To understand the importance of early-life attachment to mothers and how it affects the likelihood of success across generations, we can learn a lot from monkeys, researchers say.
In a long-term study of rhesus monkeys, the researchers quantified the health and social benefits of secure mother-rearing and attachment.
The working paper in the National Bureau of Economic Research suggests that the benefits of early attachment persist for generations.
“It’s really novel to show intergenerational effects,” says Amanda Dettmer, associate research scientist at Yale University.
Mom, baby, and attachment
For the study, the scientists observed 650 mother-infant pairs. At birth, researchers randomly assigned monkeys to be reared by their mothers or reared in a nursery. Those monkeys who were nursery reared had human caregivers for the first 40 days and were then either assigned to a cloth surrogate with daily peer playtime, or housed together with four other monkey peers. After eight months, all monkeys were housed and treated identically. This randomization occurred in subsequent generations as well.

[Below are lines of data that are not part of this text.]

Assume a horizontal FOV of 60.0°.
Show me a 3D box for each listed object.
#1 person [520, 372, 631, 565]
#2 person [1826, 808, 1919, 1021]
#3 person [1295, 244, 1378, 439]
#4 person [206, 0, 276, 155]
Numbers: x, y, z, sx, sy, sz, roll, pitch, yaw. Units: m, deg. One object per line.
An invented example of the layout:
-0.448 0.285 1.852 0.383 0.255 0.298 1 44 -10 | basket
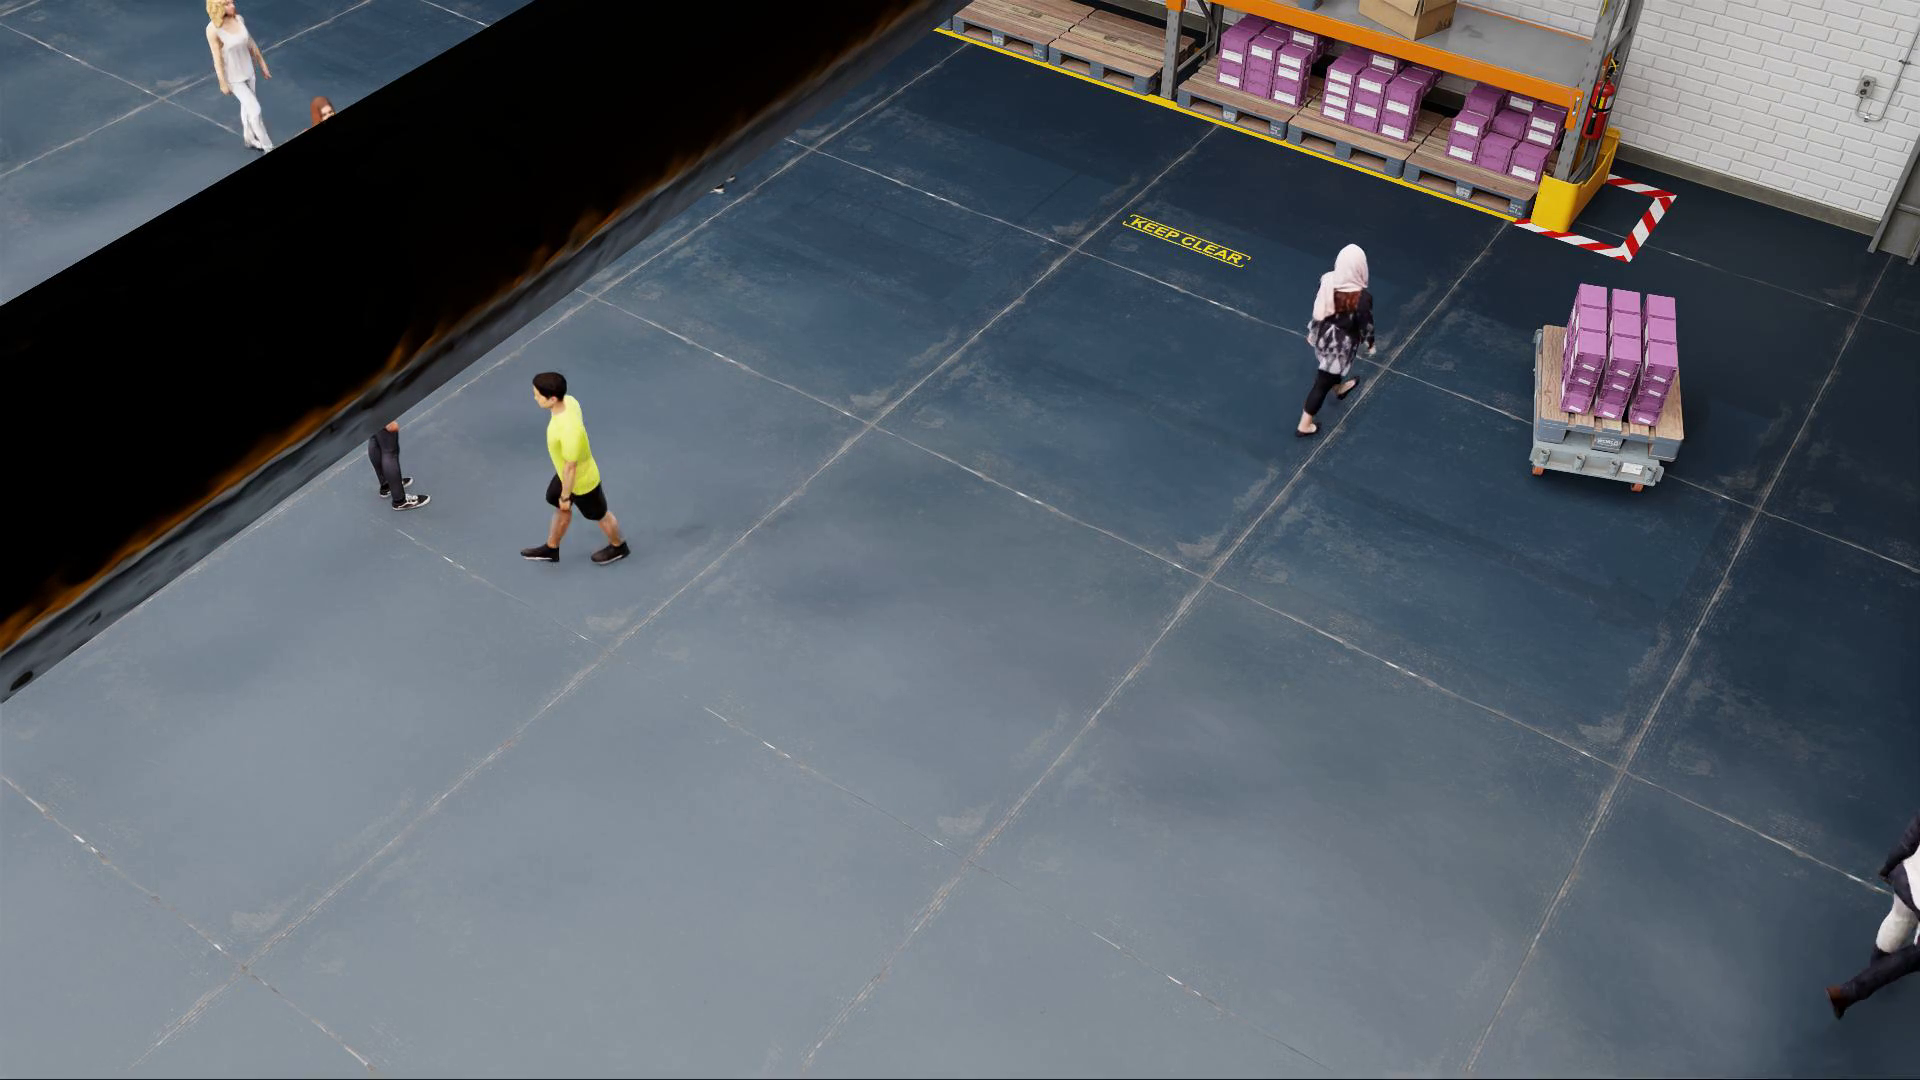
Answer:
-2.551 -0.485 11.413 1.019 1.683 1.035 -16 46 -16 | person
5.066 1.903 8.766 1.075 1.877 1.092 -17 46 -17 | person
2.766 -1.443 12.480 0.915 1.598 1.065 -27 50 -25 | person
-6.791 -4.370 15.517 0.857 1.647 0.725 15 46 15 | person

“[Monkeys] are very valid models for human conditions, but they develop four times faster. We can get answers much faster than we can from humans.”
According to Dettmer, rhesus monkeys can reveal important insights for understanding human behavior. They share 93% of their DNA with humans, develop attachment at infancy, and have similar social structures to humans.
“They are very valid models for human conditions, but they develop four times faster,” she says. “We can get answers much faster than we can from humans.”
Unlike in studies of humans, in which children cannot be randomly assigned to particular early life experiences, this experimental paradigm allowed researchers to test causality—rather than simply correlation—between early social experiences and later health outcomes. And because the researchers had access to data collected over four decades, they were also able to show how these early-life advantages benefited generations of descendants.
Researchers found that in cases where monkeys were reared by their mothers and descended from generations of monkeys reared by their mothers, they were most likely to have healthier outcomes later in life and to require less veterinary care.
These monkeys also scored higher on dominance measures—achieving a higher social ranking as evidenced through easier access to food and sweets and grooming from preferred partners.
“These were the monkeys who got the banana first,” Dettmer says.
Nursery-reared monkeys whose mothers were reared by their mothers did not realize the same benefits. That is, researchers found that the benefits of mother-rearing were only positive for the offspring of mothers who themselves were reared by mothers.
“Parenting,” the authors conclude, “is the primary channel of intergenerational transmission of early-life advantage.”
Generational effects
Dettmer notes that monkeys assigned to nurseries were still given “an extremely enriched environment with access to caregivers around the clock” as well as daily playtime and “stimulating cognitive assessments.” But the absence of a mother caregiver had a lasting impact, she says.
Heckman has previously shown that investments in a child’s early years via quality early childhood programs yielded benefits across their lifespan.
The current paper looks at how investments in early care and secure attachments provides benefits that persist across generations. The monkeys who were nursery-reared can be equated with children who are unable to develop secure attachments, says Dettmer, such as might be experienced by those in foster care.
Dettmer’s lab is continuing research, not only into the health and behavioral outcomes of early attachment but also into changes that might be happening at the biological level.
“We want to see how early experiences influence DNA methylation and how that, too, helps to explain differences,” she says.